Błogosławieni Miłosierni
I w strumieniu bladym, bystrym CGCCG
W chlebie przeżegnanym CG
W cieście świata wypalanym a GE
W Miłosierdziu Twym ognistym FGaaG
W Piecu, w któryś Swoje Ciało
Rzucił z nami się bratając,
W cztery świata strony
Rozciągniony, wywyższony
Pierś Twą włócznią rozerwano
I wytrysnęły soki Miłosiernie Boże FGCGFC
Spłynęły z Drzewa Życia na wargi
dusz spękane FGCGFC
By w górę po nim pięły się za
głosem, który woła że FGCGaG
Błogosławieni Miłosierni /bis FGaaG
Nie daj, bym Cię zamknął w klatce
Słów, uniesień, akcji, pieśni
Znak Twój wkreślę w życie(albo:
pójdę z Tobą w życie),
W pracę, strój, dom, chleb i picie
W bliźnim, Jezu, Cię zobaczę!
Tam wytrysnęły soki Miłosiernie
Boże... x2
Sugestie dotyczące aranżacji i
wykonań, oraz autorska interpretacja tekstu
Proponuję wykonać ową
piosenkę w konwencji ludowej. Można zaangażować bractwa
śpiewacze, które kultywują polską
muzykę ludową i kościelną. Proponuję zrezygnować z typowego
zestawy perkusyjno-basowego, na rzecz tamburynów, grzechotek,
talerzów(choć można i bez nich:-), czy tzw. basów ludowych.

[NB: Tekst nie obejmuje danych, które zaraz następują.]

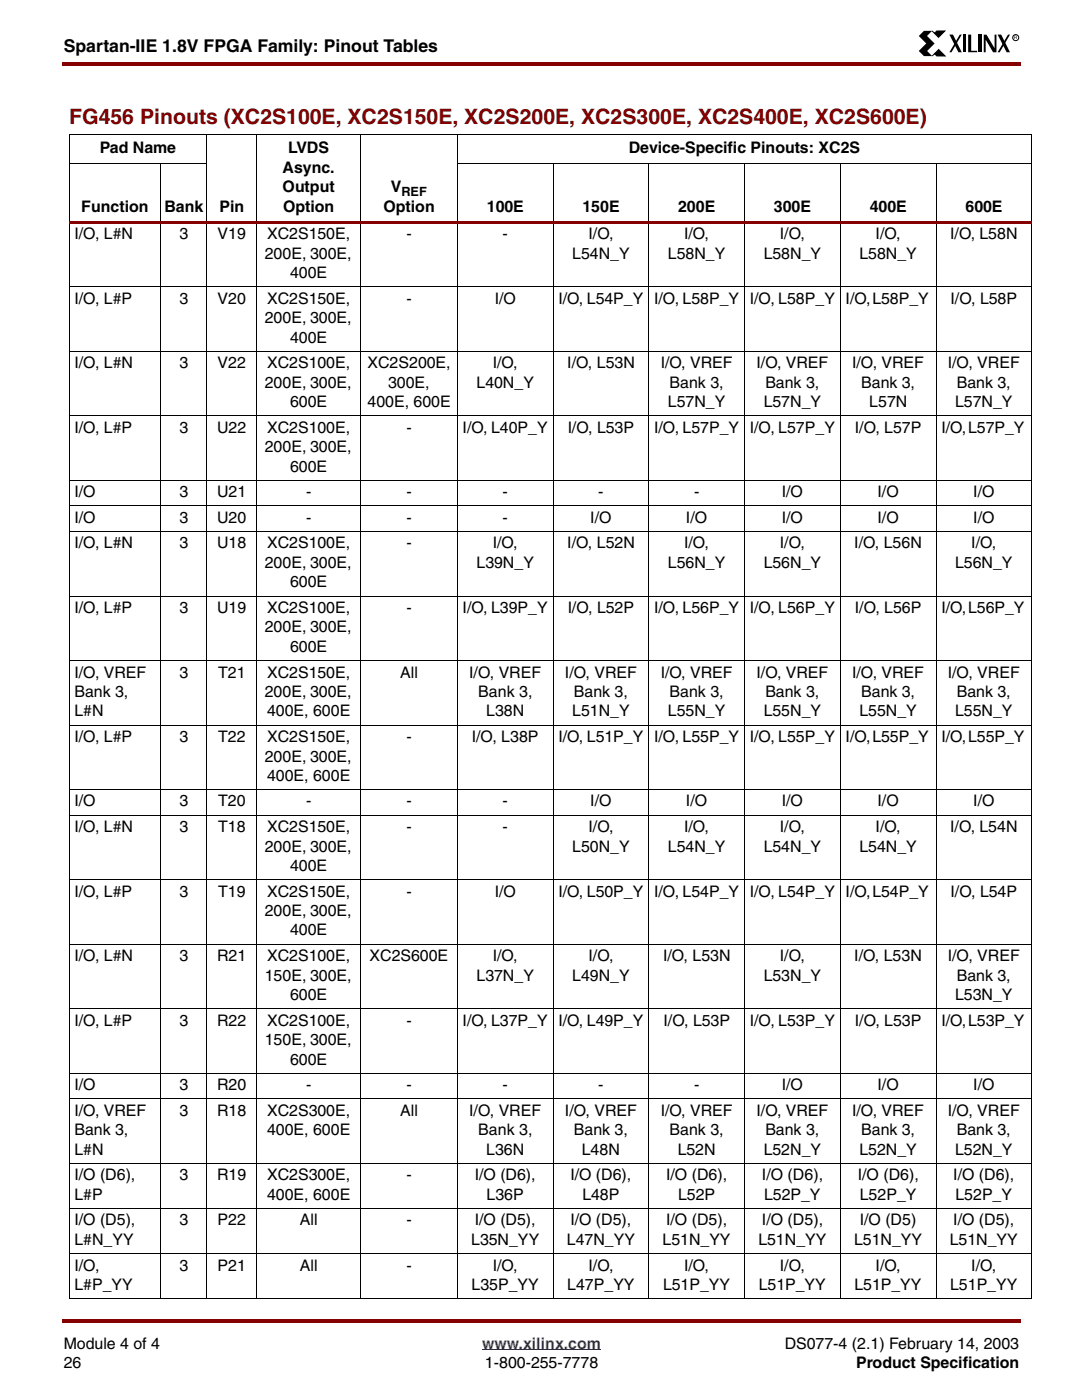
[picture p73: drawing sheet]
<svg xmlns="http://www.w3.org/2000/svg" width="216mm" height="279mm" viewBox="0 0 216 279" stroke-linecap="round" stroke-linejoin="round" font-family="sans-serif">
<defs><g id="words">
<text font-size="4.2" fill="#850000" x="13.8" y="24.8">FG456 Pinouts (XC2S100E, XC2S150E, XC2S200E, XC2S300E, XC2S400E, XC2S600E)</text>
<text font-size="3.5" x="12.7" y="10.5">Spartan-IIE 1.8V FPGA Family: Pinout Tables</text>
<g font-size="3.2">
<text x="19.9" y="30.6">Pad Name</text>
<text x="56.3" y="34.5">Async.</text>
<text x="57.5" y="30.6">LVDS</text>
<text x="125.4" y="30.6">Device-Specific Pinouts: XC2S</text>
<text x="56.3" y="38.4">Output</text>
<text x="77.9" y="38.4">V</text>
<text x="14.9" y="47.7">I/O, L#N</text>
<text x="16.2" y="42.2">Function</text>
<text x="32.8" y="42.2">Bank</text>
<text x="35.8" y="47.7">3</text>
<text x="43.4" y="47.7">V19</text>
<text x="43.8" y="42.2">Pin</text>
<text x="53.3" y="47.7">XC2S150E,</text>
<text x="56.4" y="42.2">Option</text>
<text x="76.5" y="42.2">Option</text>
<text x="81" y="47.7">-</text>
<text x="97.1" y="42.2">100E</text>
<text x="100.2" y="47.7">-</text>
<text x="116.2" y="42.2">150E</text>
<text x="117.3" y="47.7">I/O,</text>
<text x="135.2" y="42.2">200E</text>
<text x="136.4" y="47.7">I/O,</text>
<text x="154.3" y="42.2">300E</text>
<text x="155.5" y="47.7">I/O,</text>
<text x="173.4" y="42.2">400E</text>
<text x="174.6" y="47.7">I/O,</text>
<text x="189.4" y="47.7">I/O, L58N</text>
<text x="192.5" y="42.2">600E</text>
<text x="52.8" y="51.6">200E, 300E,</text>
<text x="114.1" y="51.6">L54N_Y</text>
<text x="133.2" y="51.6">L58N_Y</text>
<text x="152.3" y="51.6">L58N_Y</text>
<text x="171.4" y="51.6">L58N_Y</text>
<text x="57.9" y="55.5">400E</text>
<text x="14.9" y="60.6">I/O, L#P</text>
<text x="35.8" y="60.6">3</text>
<text x="43.4" y="60.6">V20</text>
<text x="52.8" y="64.5">200E, 300E,</text>
<text x="53.3" y="60.6">XC2S150E,</text>
<text x="81" y="60.6">-</text>
<text x="98.6" y="60.6">I/O</text>
<text x="111.3" y="60.6">I/O, L54P_Y</text>
<text x="130.4" y="60.6">I/O, L58P_Y</text>
<text x="149.5" y="60.6">I/O, L58P_Y</text>
<text x="168.6" y="60.6">I/O, L58P_Y</text>
<text x="189.5" y="60.6">I/O, L58P</text>
<text x="57.9" y="68.4">400E</text>
<text x="14.9" y="73.4">I/O, L#N</text>
<text x="35.8" y="73.4">3</text>
<text x="43.4" y="73.4">V22</text>
<text x="52.8" y="77.3">200E, 300E,</text>
<text x="53.3" y="73.4">XC2S100E,</text>
<text x="73.3" y="73.4">XC2S200E,</text>
<text x="77.4" y="77.3">300E,</text>
<text x="95" y="77.3">L40N_Y</text>
<text x="98.3" y="73.4">I/O,</text>
<text x="113.1" y="73.4">I/O, L53N</text>
<text x="131.7" y="73.4">I/O, VREF</text>
<text x="133.5" y="77.3">Bank 3,</text>
<text x="150.8" y="73.4">I/O, VREF</text>
<text x="152.6" y="77.3">Bank 3,</text>
<text x="169.9" y="73.4">I/O, VREF</text>
<text x="171.7" y="77.3">Bank 3,</text>
<text x="189" y="73.4">I/O, VREF</text>
<text x="190.8" y="77.3">Bank 3,</text>
<text x="57.9" y="81.2">600E</text>
<text x="73.3" y="81.2">400E, 600E</text>
<text x="133.2" y="81.2">L57N_Y</text>
<text x="152.3" y="81.2">L57N_Y</text>
<text x="173.3" y="81.2">L57N</text>
<text x="190.5" y="81.2">L57N_Y</text>
<text x="14.9" y="86.4">I/O, L#P</text>
<text x="35.8" y="86.4">3</text>
<text x="43.3" y="86.4">U22</text>
<text x="53.3" y="86.4">XC2S100E,</text>
<text x="81" y="86.4">-</text>
<text x="92.2" y="86.4">I/O, L40P_Y</text>
<text x="113.2" y="86.4">I/O, L53P</text>
<text x="130.4" y="86.4">I/O, L57P_Y</text>
<text x="149.5" y="86.4">I/O, L57P_Y</text>
<text x="170.4" y="86.4">I/O, L57P</text>
<text x="187.7" y="86.4">I/O, L57P_Y</text>
<text x="52.8" y="90.2">200E, 300E,</text>
<text x="57.9" y="94.1">600E</text>
<text x="14.9" y="99.2">I/O</text>
<text x="35.8" y="99.2">3</text>
<text x="43.3" y="99.2">U21</text>
<text x="61" y="99.2">-</text>
<text x="81" y="99.2">-</text>
<text x="100.2" y="99.2">-</text>
<text x="119.3" y="99.2">-</text>
<text x="138.4" y="99.2">-</text>
<text x="155.9" y="99.2">I/O</text>
<text x="175" y="99.2">I/O</text>
<text x="194.1" y="99.2">I/O</text>
<text x="14.9" y="104.4">I/O</text>
<text x="35.8" y="104.4">3</text>
<text x="43.3" y="104.4">U20</text>
<text x="61" y="104.4">-</text>
<text x="81" y="104.4">-</text>
<text x="100.2" y="104.4">-</text>
<text x="117.7" y="104.4">I/O</text>
<text x="136.8" y="104.4">I/O</text>
<text x="155.9" y="104.4">I/O</text>
<text x="175" y="104.4">I/O</text>
<text x="194.1" y="104.4">I/O</text>
<text x="14.9" y="109.4">I/O, L#N</text>
<text x="35.8" y="109.4">3</text>
<text x="43.3" y="109.4">U18</text>
<text x="52.8" y="113.3">200E, 300E,</text>
<text x="53.3" y="109.4">XC2S100E,</text>
<text x="81" y="109.4">-</text>
<text x="95" y="113.3">L39N_Y</text>
<text x="98.3" y="109.4">I/O,</text>
<text x="113.1" y="109.4">I/O, L52N</text>
<text x="133.2" y="113.3">L56N_Y</text>
<text x="136.4" y="109.4">I/O,</text>
<text x="152.3" y="113.3">L56N_Y</text>
<text x="155.5" y="109.4">I/O,</text>
<text x="170.3" y="109.4">I/O, L56N</text>
<text x="190.5" y="113.3">L56N_Y</text>
<text x="193.7" y="109.4">I/O,</text>
<text x="57.9" y="117.2">600E</text>
<text x="14.9" y="122.3">I/O, L#P</text>
<text x="35.8" y="122.3">3</text>
<text x="43.3" y="122.3">U19</text>
<text x="53.3" y="122.3">XC2S100E,</text>
<text x="81" y="122.3">-</text>
<text x="92.2" y="122.3">I/O, L39P_Y</text>
<text x="113.2" y="122.3">I/O, L52P</text>
<text x="130.4" y="122.3">I/O, L56P_Y</text>
<text x="149.5" y="122.3">I/O, L56P_Y</text>
<text x="170.4" y="122.3">I/O, L56P</text>
<text x="187.7" y="122.3">I/O, L56P_Y</text>
<text x="52.8" y="126.2">200E, 300E,</text>
<text x="57.9" y="130.1">600E</text>
<text x="14.9" y="135.2">I/O, VREF</text>
<text x="35.8" y="135.2">3</text>
<text x="43.5" y="135.2">T21</text>
<text x="53.3" y="135.2">XC2S150E,</text>
<text x="79.8" y="135.2">All</text>
<text x="93.6" y="135.2">I/O, VREF</text>
<text x="112.6" y="135.2">I/O, VREF</text>
<text x="131.7" y="135.2">I/O, VREF</text>
<text x="150.8" y="135.2">I/O, VREF</text>
<text x="169.9" y="135.2">I/O, VREF</text>
<text x="189" y="135.2">I/O, VREF</text>
<text x="14.9" y="139.1">Bank 3,</text>
<text x="14.9" y="143">L#N</text>
<text x="52.8" y="139.1">200E, 300E,</text>
<text x="53.3" y="143">400E, 600E</text>
<text x="95.4" y="139.1">Bank 3,</text>
<text x="96.9" y="143">L38N</text>
<text x="114.1" y="143">L51N_Y</text>
<text x="114.4" y="139.1">Bank 3,</text>
<text x="133.2" y="143">L55N_Y</text>
<text x="133.5" y="139.1">Bank 3,</text>
<text x="152.3" y="143">L55N_Y</text>
<text x="152.6" y="139.1">Bank 3,</text>
<text x="171.4" y="143">L55N_Y</text>
<text x="171.7" y="139.1">Bank 3,</text>
<text x="190.5" y="143">L55N_Y</text>
<text x="190.8" y="139.1">Bank 3,</text>
<text x="14.9" y="148.1">I/O, L#P</text>
<text x="35.8" y="148.1">3</text>
<text x="43.5" y="148.1">T22</text>
<text x="53.3" y="148.1">XC2S150E,</text>
<text x="81" y="148.1">-</text>
<text x="94.1" y="148.1">I/O, L38P</text>
<text x="111.3" y="148.1">I/O, L51P_Y</text>
<text x="130.4" y="148.1">I/O, L55P_Y</text>
<text x="149.5" y="148.1">I/O, L55P_Y</text>
<text x="168.6" y="148.1">I/O, L55P_Y</text>
<text x="187.7" y="148.1">I/O, L55P_Y</text>
<text x="52.8" y="152">200E, 300E,</text>
<text x="53.3" y="155.8">400E, 600E</text>
<text x="14.9" y="161">I/O</text>
<text x="35.8" y="161">3</text>
<text x="43.5" y="161">T20</text>
<text x="61" y="161">-</text>
<text x="81" y="161">-</text>
<text x="100.2" y="161">-</text>
<text x="117.7" y="161">I/O</text>
<text x="136.8" y="161">I/O</text>
<text x="155.9" y="161">I/O</text>
<text x="175" y="161">I/O</text>
<text x="194.1" y="161">I/O</text>
<text x="14.9" y="166.1">I/O, L#N</text>
<text x="35.8" y="166.1">3</text>
<text x="43.5" y="166.1">T18</text>
<text x="53.3" y="166.1">XC2S150E,</text>
<text x="81" y="166.1">-</text>
<text x="100.2" y="166.1">-</text>
<text x="117.3" y="166.1">I/O,</text>
<text x="136.4" y="166.1">I/O,</text>
<text x="155.5" y="166.1">I/O,</text>
<text x="174.6" y="166.1">I/O,</text>
<text x="189.4" y="166.1">I/O, L54N</text>
<text x="52.8" y="170">200E, 300E,</text>
<text x="57.9" y="173.8">400E</text>
<text x="114.1" y="170">L50N_Y</text>
<text x="133.2" y="170">L54N_Y</text>
<text x="152.3" y="170">L54N_Y</text>
<text x="171.4" y="170">L54N_Y</text>
<text x="14.9" y="178.9">I/O, L#P</text>
<text x="35.8" y="178.9">3</text>
<text x="43.5" y="178.9">T19</text>
<text x="53.3" y="178.9">XC2S150E,</text>
<text x="81" y="178.9">-</text>
<text x="98.6" y="178.9">I/O</text>
<text x="111.3" y="178.9">I/O, L50P_Y</text>
<text x="130.4" y="178.9">I/O, L54P_Y</text>
<text x="149.5" y="178.9">I/O, L54P_Y</text>
<text x="168.6" y="178.9">I/O, L54P_Y</text>
<text x="189.5" y="178.9">I/O, L54P</text>
<text x="52.8" y="182.8">200E, 300E,</text>
<text x="14.9" y="191.8">I/O, L#N</text>
<text x="35.8" y="191.8">3</text>
<text x="43.3" y="191.8">R21</text>
<text x="53.3" y="191.8">XC2S100E,</text>
<text x="57.9" y="186.7">400E</text>
<text x="73.7" y="191.8">XC2S600E</text>
<text x="98.3" y="191.8">I/O,</text>
<text x="117.3" y="191.8">I/O,</text>
<text x="132.2" y="191.8">I/O, L53N</text>
<text x="155.5" y="191.8">I/O,</text>
<text x="170.3" y="191.8">I/O, L53N</text>
<text x="189" y="191.8">I/O, VREF</text>
<text x="52.8" y="195.7">150E, 300E,</text>
<text x="95" y="195.7">L37N_Y</text>
<text x="114.1" y="195.7">L49N_Y</text>
<text x="152.3" y="195.7">L53N_Y</text>
<text x="190.8" y="195.7">Bank 3,</text>
<text x="57.9" y="199.6">600E</text>
<text x="190.5" y="199.6">L53N_Y</text>
<text x="14.9" y="204.7">I/O, L#P</text>
<text x="35.8" y="204.7">3</text>
<text x="43.3" y="204.7">R22</text>
<text x="52.8" y="208.6">150E, 300E,</text>
<text x="53.3" y="204.7">XC2S100E,</text>
<text x="81" y="204.7">-</text>
<text x="92.2" y="204.7">I/O, L37P_Y</text>
<text x="111.3" y="204.7">I/O, L49P_Y</text>
<text x="132.3" y="204.7">I/O, L53P</text>
<text x="149.5" y="204.7">I/O, L53P_Y</text>
<text x="170.4" y="204.7">I/O, L53P</text>
<text x="187.7" y="204.7">I/O, L53P_Y</text>
<text x="57.9" y="212.5">600E</text>
<text x="14.9" y="217.6">I/O</text>
<text x="35.8" y="217.6">3</text>
<text x="43.3" y="217.6">R20</text>
<text x="61" y="217.6">-</text>
<text x="81" y="217.6">-</text>
<text x="100.2" y="217.6">-</text>
<text x="119.3" y="217.6">-</text>
<text x="138.4" y="217.6">-</text>
<text x="155.9" y="217.6">I/O</text>
<text x="175" y="217.6">I/O</text>
<text x="194.1" y="217.6">I/O</text>
<text x="14.9" y="222.7">I/O, VREF</text>
<text x="14.9" y="226.6">Bank 3,</text>
<text x="35.8" y="222.7">3</text>
<text x="43.3" y="222.7">R18</text>
<text x="53.3" y="222.7">XC2S300E,</text>
<text x="53.3" y="226.6">400E, 600E</text>
<text x="79.8" y="222.7">All</text>
<text x="93.6" y="222.7">I/O, VREF</text>
<text x="95.4" y="226.6">Bank 3,</text>
<text x="112.6" y="222.7">I/O, VREF</text>
<text x="114.4" y="226.6">Bank 3,</text>
<text x="131.7" y="222.7">I/O, VREF</text>
<text x="133.5" y="226.6">Bank 3,</text>
<text x="150.8" y="222.7">I/O, VREF</text>
<text x="152.6" y="226.6">Bank 3,</text>
<text x="169.9" y="222.7">I/O, VREF</text>
<text x="171.7" y="226.6">Bank 3,</text>
<text x="189" y="222.7">I/O, VREF</text>
<text x="190.8" y="226.6">Bank 3,</text>
<text x="14.9" y="230.5">L#N</text>
<text x="96.9" y="230.5">L36N</text>
<text x="116" y="230.5">L48N</text>
<text x="135.1" y="230.5">L52N</text>
<text x="152.3" y="230.5">L52N_Y</text>
<text x="171.4" y="230.5">L52N_Y</text>
<text x="190.5" y="230.5">L52N_Y</text>
<text x="14.9" y="235.6">I/O (D6),</text>
<text x="14.9" y="239.4">L#P</text>
<text x="35.8" y="235.6">3</text>
<text x="43.3" y="235.6">R19</text>
<text x="53.3" y="235.6">XC2S300E,</text>
<text x="53.3" y="239.4">400E, 600E</text>
<text x="81" y="235.6">-</text>
<text x="94.7" y="235.6">I/O (D6),</text>
<text x="97" y="239.4">L36P</text>
<text x="113.7" y="235.6">I/O (D6),</text>
<text x="116.1" y="239.4">L48P</text>
<text x="132.8" y="235.6">I/O (D6),</text>
<text x="135.2" y="239.4">L52P</text>
<text x="151.9" y="235.6">I/O (D6),</text>
<text x="152.4" y="239.4">L52P_Y</text>
<text x="171" y="235.6">I/O (D6),</text>
<text x="171.4" y="239.4">L52P_Y</text>
<text x="190.1" y="235.6">I/O (D6),</text>
<text x="190.5" y="239.4">L52P_Y</text>
<text x="14.9" y="244.6">I/O (D5),</text>
<text x="35.8" y="244.6">3</text>
<text x="43.4" y="244.6">P22</text>
<text x="59.8" y="244.6">All</text>
<text x="81" y="244.6">-</text>
<text x="94.7" y="244.6">I/O (D5),</text>
<text x="113.7" y="244.6">I/O (D5),</text>
<text x="132.8" y="244.6">I/O (D5),</text>
<text x="151.9" y="244.6">I/O (D5),</text>
<text x="171.4" y="244.6">I/O (D5)</text>
<text x="190.1" y="244.6">I/O (D5),</text>
<text x="14.9" y="248.5">L#N_YY</text>
<text x="93.9" y="248.5">L35N_YY</text>
<text x="113" y="248.5">L47N_YY</text>
<text x="132.1" y="248.5">L51N_YY</text>
<text x="151.2" y="248.5">L51N_YY</text>
<text x="170.3" y="248.5">L51N_YY</text>
<text x="189.4" y="248.5">L51N_YY</text>
<text x="14.9" y="253.6">I/O,</text>
<text x="14.9" y="257.4">L#P_YY</text>
<text x="35.8" y="253.6">3</text>
<text x="43.4" y="253.6">P21</text>
<text x="59.8" y="253.6">All</text>
<text x="81" y="253.6">-</text>
<text x="94" y="257.4">L35P_YY</text>
<text x="98.3" y="253.6">I/O,</text>
<text x="113.1" y="257.4">L47P_YY</text>
<text x="117.3" y="253.6">I/O,</text>
<text x="132.2" y="257.4">L51P_YY</text>
<text x="136.4" y="253.6">I/O,</text>
<text x="151.3" y="257.4">L51P_YY</text>
<text x="155.5" y="253.6">I/O,</text>
<text x="170.4" y="257.4">L51P_YY</text>
<text x="174.6" y="253.6">I/O,</text>
<text x="189.5" y="257.4">L51P_YY</text>
<text x="193.7" y="253.6">I/O,</text>
<text x="12.7" y="269.2">Module 4 of 4</text>
<text x="156.5" y="269.2">DS077-4 (2.1) February 14, 2003</text>
<text x="12.7" y="273.1">26</text>
<text x="96.7" y="273.1">1-800-255-7778</text>
<text x="170.7" y="273.1">Product Specification</text>
</g>
<text font-size="3.2" fill="#00f" x="96.1" y="269.2">www.xilinx.com</text>
<text font-size="2.5" x="80.1" y="39.2">REF</text>
<text font-size="1" x="202.2" y="7.9">R</text>
</g></defs>
<g fill="#850000">
<path d="M12.4 12.4h.3v.7h-.3z"/>
<path d="M12.7 12.4h190.8v.7h-190.8z"/>
</g>
<path d="M12.7 267h190.5v9.9h-190.5z" fill="#fff"/>
<path d="M96.1 269.4h23.7" fill="none" stroke="#00f" stroke-width=".2"/>
<g fill="#850000">
<path d="M12.4 263.2h.3v.7h-.3z"/>
<path d="M12.7 263.2h190.8v.7h-190.8z"/>
</g>
<path d="M183.1 6.1h20.1v5.2h-20.1z" fill="#fff"/>
<path d="M184.2 6.2h1.7l-1.1 1 1.6 1.5-1.5 1.5 1 1h-1.7l-1-1 1.5-1.5-1.5-1.5zM189.3 6.9h.7l1.8 3.5h-.7zM191.4 6.9h.4l-2.1 3.5h-.4zM192 6.9h.6v3.5h-.6zM193 6.9h.6v3.2h1.2v.3h-1.8zM195.1 6.9h.6v3.5h-.6zM196.2 6.9h.5l1.6 2.7v-2.7h.4v3.5h-.7l-1.5-2.5v2.5h-.3zM198.9 6.9h.7l1.8 3.5h-.7zM201 6.9h.4l-2.1 3.5h-.4z" fill="#000"/>
<path d="M185.9 6.2l.4 .4 .5-.4h1.6l-1.3 1.3zM186.3 10.7l-.4 .5 1.3-1.3 1.3 1.3h-1.7z" fill="#000" stroke="#000" stroke-width=".2"/>
<g fill="none" stroke="#000" stroke-width=".2">
<path d="M13.8 26.9h191.9M13.8 32.7h27.5M13.8 26.9v232.3M32 32.7v226.5M41.2 26.8v232.4M51.2 26.8v232.4M71.9 26.8v232.4M91.1 32.7h114.6M91.2 26.8v232.4M110.3 32.7v226.5M129.4 32.7v226.5M148.5 32.7v226.5"/>
<path d="M167.6 32.7v226.5M186.6 32.7v226.5M205.7 26.9v232.3"/>
<circle cx="202.5" cy="7.5" r=".6"/>
</g>
<path d="M13.8 44.1h191.9v.6h-191.9z" fill="#850000"/>
<g fill="none" stroke="#000" stroke-width=".2">
<path d="M13.8 57.2h191.9M13.8 70.1h191.9M13.8 83h191.9M13.8 95.9h191.9M13.8 101h191.9M13.8 106.1h191.9M13.8 119h191.9M13.8 131.9h191.9M13.8 144.7h191.9M13.8 157.6h191.9M13.8 162.7h191.9M13.8 175.6h191.9"/>
<path d="M13.8 188.5h191.9M13.8 201.3h191.9M13.8 214.2h191.9M13.8 219.3h191.9M13.8 232.2h191.9M13.8 241.2h191.9M13.8 250.2h191.9M13.8 259.2h191.9"/>
</g>
<use href="#words"/>
</svg>

Proponuję użycie takich instrumentów jak fujarki, dudy(gajdy,
kozy, itd...), liry korbowe, organy, harmonijkę ustną, smyczki
ludowe, fidele, itd...
Piosenka zawiera
nawiązania rytmiczno melodyczne do
muzyki małopolskiej.
Ewentualna adaptacja owej piosnki do potrzeb Liturgicznych
wiązać się powinna z liturgiczną aranżacją- usunięciem gitar,
perkusji, związanej z nimi rytmicznej akcentacji na rzecz bardziej
ciągłego grania na organach, a przede wszystkim śpiewu, które
wynika z tego iż katolicyzm nie należy do dionizyjskiego typu
religii. (W tym typie religii i kultu bębnienie jest pożądane,
jako środek wywoływania ekstazy, znoszącej bariery porządku na
rzecz chaotycznego rozpłynięcia w masie. Katolicki typ religii jest
z tym sprzeczny, akcentuje odniesienie do wieczności, do Bożego
Porządku, w którym panuje swego rodzaju bezczas(brak silnych,
akcentów rytmicznych ma to podkreślać) itd... Stąd warto zastąpić
nawet ludową instrumentację(która niekoniecznie jest dionizyjska)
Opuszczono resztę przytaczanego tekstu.